Which could work in his favor. Acta knows that, during those weeks when he must pull the starter early three or four times, he will need someone who can clean up the mess.

"Up here, [running the pitching staff] is a very crucial part of managing," he said. "There are times when you're just going to have to take it on the chin and bite the bullet and let a guy go out there and get beat up."

Speigner, because he could throw three innings at a time, could be that guy. "I'd be fine with that role," he said.

The main question for the bullpen this season might be whether it will stay together. Cordero has been the subject of trade talk all winter, and while the Nationals are insisting on at least one top-flight starting pitching prospect in return -- in addition to another prospect, regardless of position -- there's a chance a team desperate for a closer as the year goes on could meet those demands.

Quietly, too, the Nationals have let teams know that they would listen to offers for Rauch, according to two baseball sources.
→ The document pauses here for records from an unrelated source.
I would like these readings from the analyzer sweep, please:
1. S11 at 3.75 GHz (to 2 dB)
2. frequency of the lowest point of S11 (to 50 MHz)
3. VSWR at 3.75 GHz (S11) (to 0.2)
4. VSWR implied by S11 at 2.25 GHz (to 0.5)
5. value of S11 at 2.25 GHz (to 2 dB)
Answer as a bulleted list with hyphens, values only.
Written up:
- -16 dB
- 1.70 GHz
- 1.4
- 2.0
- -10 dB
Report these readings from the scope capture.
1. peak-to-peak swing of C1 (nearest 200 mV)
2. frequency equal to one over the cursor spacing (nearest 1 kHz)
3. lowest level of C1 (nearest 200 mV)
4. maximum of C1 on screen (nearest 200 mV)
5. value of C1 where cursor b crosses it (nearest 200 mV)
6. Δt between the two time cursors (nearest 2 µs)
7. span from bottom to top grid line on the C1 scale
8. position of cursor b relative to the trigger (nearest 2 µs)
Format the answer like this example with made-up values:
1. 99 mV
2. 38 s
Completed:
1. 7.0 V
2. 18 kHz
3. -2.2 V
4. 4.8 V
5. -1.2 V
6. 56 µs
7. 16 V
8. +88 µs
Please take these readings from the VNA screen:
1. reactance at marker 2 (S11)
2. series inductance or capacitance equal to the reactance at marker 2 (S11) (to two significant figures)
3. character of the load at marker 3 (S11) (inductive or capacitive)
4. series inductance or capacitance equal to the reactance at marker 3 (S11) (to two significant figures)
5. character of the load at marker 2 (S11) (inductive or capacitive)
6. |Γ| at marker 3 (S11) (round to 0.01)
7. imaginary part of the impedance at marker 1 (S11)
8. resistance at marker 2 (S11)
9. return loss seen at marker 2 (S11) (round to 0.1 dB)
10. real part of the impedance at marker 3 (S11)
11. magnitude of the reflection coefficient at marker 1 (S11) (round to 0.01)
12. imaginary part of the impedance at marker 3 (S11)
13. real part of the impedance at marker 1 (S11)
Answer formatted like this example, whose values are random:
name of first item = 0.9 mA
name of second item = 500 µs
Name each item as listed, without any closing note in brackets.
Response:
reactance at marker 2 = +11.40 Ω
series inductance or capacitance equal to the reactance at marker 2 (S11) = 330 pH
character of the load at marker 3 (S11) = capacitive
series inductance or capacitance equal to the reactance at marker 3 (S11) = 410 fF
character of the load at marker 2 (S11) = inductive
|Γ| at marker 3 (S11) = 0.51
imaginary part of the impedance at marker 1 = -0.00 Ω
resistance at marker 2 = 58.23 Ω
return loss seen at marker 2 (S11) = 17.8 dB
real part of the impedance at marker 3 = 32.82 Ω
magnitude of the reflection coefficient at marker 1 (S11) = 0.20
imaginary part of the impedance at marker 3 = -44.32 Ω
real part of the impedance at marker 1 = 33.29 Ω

The 6-foot-11 right-hander is coming off a season in which he appeared in a career-high 85 games and posted a 3.35 ERA.

But whoever is in the bullpen, Acta knows his team isn't built to endure long stretches in which it builds leads, and then watches the bullpen give them back.

"It's just very demoralizing," Acta said, "because if you win a game for eight innings, and then you lose it in one, it takes a toll on a team. Sometimes it takes more than one day to recuperate from that."

And if Acta is going to walk that path to the mound in the early innings, he doesn't want to be handing the ball to someone who will make things worse instead of better.